How quickly did we all sheepishly drink the Kool Aid and, as Oprah would say, got with the program! But we're creatures of (bad) habits and it surely took very little convincing to sell us on the idea that digital is better than analog, and persuade us to substitute our entire vinyl collection with its digital "compact disc" equivalent. The result was an unnecessary non-profitable investment in the purchase of music that we already had paid for -- the operative word here being "non-profitable" as unlike vinyl records, CDs, more often than not, have no collectible value attached to them and will, at best, just become 90s memorabilia.
Even Ray Charles could have seen that the CD was doomed from the beginning. And I'm not just talking about the way it furiously (nearly) ruined the music industry facilitating the easy and rapid cloning of music by ways of CD burning hardware on computers to the detriment of artists getting royally ripped off. Clearly my main issue with the CD is the CD itself -- as in its tangible form, substance, design and presentation.
Beside the convenience of its portability, what was so irresistibly appealing about the CD? How about the torturous drill of unwrapping the freaking protective plastic seals? Or perhaps the agonizingly time-consuming ordeal of trying to remove the annoying adhesive label surrounding its edges, always likely to break into million pieces and leave sticky residues all over the jewel case not to mention your fingers? What an unnecessary workout that was, if you ask me!
Of course, one could argue that, similarly, vinyl records had their own share of problems and deficiencies: they inevitably degraded over time; they lost sound quality play after play; they scratched easily; and would suffer irreparable shape-deformation if stored in the wrong place and if/when subjected to the wrong climate conditions.
But for the audiophile purists, that certainly was a very small price to pay to get that one of a kind sense of intimacy, closeness and warmth that only phonograph records deliver. To say that the vinyl record epitomizes the adage "it's music to my ears" is to put it mildly. And to me, it wasn't just about the way music used to enter my ears, but mostly about the very unique way I personally connected with the record itself. Back in the analog days, I had made my life a monument to collecting records.
There was a certain sense of deep involvement and personal connection to the music attached to the entire process of buying and listening to a vinyl. It's the difference between operating a car with a stick shift versus one with automatic transmission.
Nothing compares to the pleasure of holding a vinyl in your hands and ever so gently placing it on a good old-fashioned turntable. Today digital music formats have taken that magic away. There's just nothing like the vintage feel of crackle and hiss of old vinyl LPs and 45s to keep you connected to the music. Vinyl records by far carried more life.

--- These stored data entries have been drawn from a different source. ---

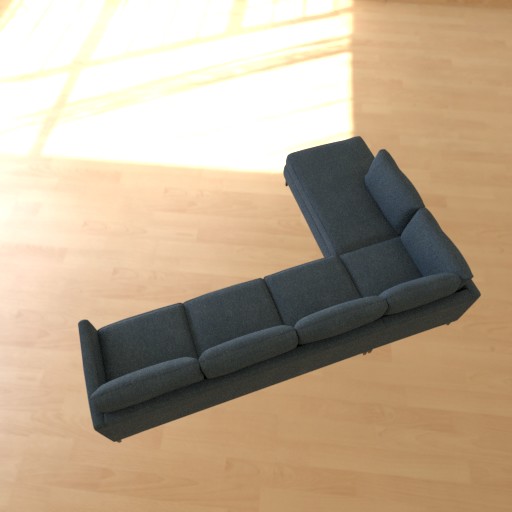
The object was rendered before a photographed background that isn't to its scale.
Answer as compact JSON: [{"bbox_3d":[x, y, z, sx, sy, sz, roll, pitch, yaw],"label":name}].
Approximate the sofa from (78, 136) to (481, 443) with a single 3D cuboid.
[{"bbox_3d":[0.000,0.000,3.724,2.949,0.815,2.007,-17,60,-10],"label":"sofa"}]
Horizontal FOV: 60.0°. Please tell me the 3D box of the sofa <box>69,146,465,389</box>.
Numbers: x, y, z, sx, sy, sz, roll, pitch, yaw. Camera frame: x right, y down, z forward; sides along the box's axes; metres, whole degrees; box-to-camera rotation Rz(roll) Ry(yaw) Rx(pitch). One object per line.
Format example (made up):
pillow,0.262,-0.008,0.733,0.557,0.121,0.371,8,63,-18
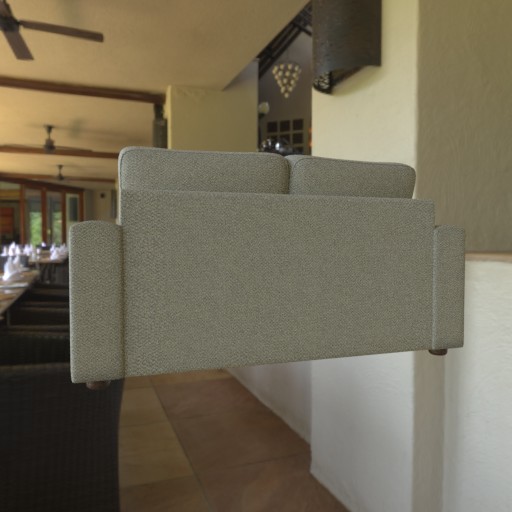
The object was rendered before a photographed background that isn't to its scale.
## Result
sofa,0.000,0.000,2.174,1.616,0.873,1.016,-1,2,-18
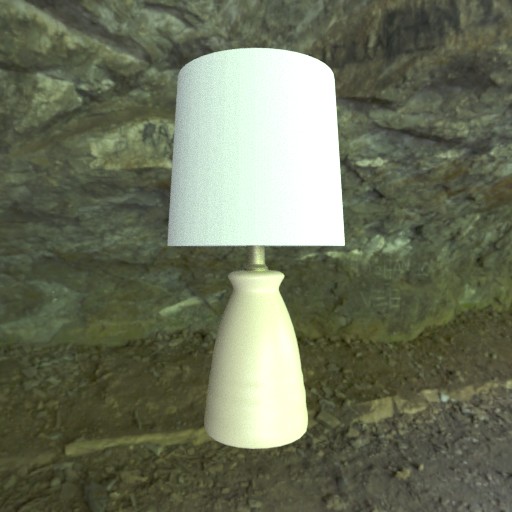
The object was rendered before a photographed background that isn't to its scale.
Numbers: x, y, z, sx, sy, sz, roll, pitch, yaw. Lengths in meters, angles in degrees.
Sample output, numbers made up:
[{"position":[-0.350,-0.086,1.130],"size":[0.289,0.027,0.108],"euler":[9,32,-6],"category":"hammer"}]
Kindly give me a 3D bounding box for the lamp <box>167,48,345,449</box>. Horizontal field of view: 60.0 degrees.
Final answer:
[{"position":[0.000,0.000,0.475],"size":[0.186,0.369,0.186],"euler":[0,1,0],"category":"lamp"}]
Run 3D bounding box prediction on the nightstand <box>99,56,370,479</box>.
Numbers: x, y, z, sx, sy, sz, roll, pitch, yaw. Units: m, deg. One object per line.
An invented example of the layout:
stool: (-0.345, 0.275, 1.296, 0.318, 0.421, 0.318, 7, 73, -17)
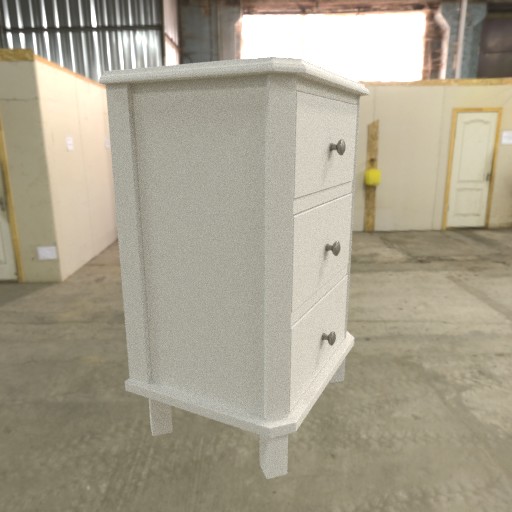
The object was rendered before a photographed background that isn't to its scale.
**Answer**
nightstand: (0.000, 0.000, 0.913, 0.351, 0.681, 0.435, 8, 17, 26)

I remember when I used to rush to buy the latest album from my favorite artists. I'd walked hastily to my local record store, very much looking forward to discover what the new album looked like. There was a special bonding that immediately developed between you and the record the minute you bought it and brought it back home. It was all about meticulously looking at every detail of the cover art; reading the liner notes printed on the protective cardboard and inside sleeves; staring at the photographs of the artist; studying the lyrics of each song; adjusting your turntable to 33rpm or 45rpm, and blowing off that rasping needle before discovering the inscribed, modulated spiral grooves on both sides of the old school flat-disc.
There is such a timeless and more "alive" quality about playing a vinyl record, which you cannot get with digital tunes. This type of special relationship no longer exists with recorded "encoded" music now.
And that's just it. Music sounds better on vinyl, not because I said so, but because it simply just does!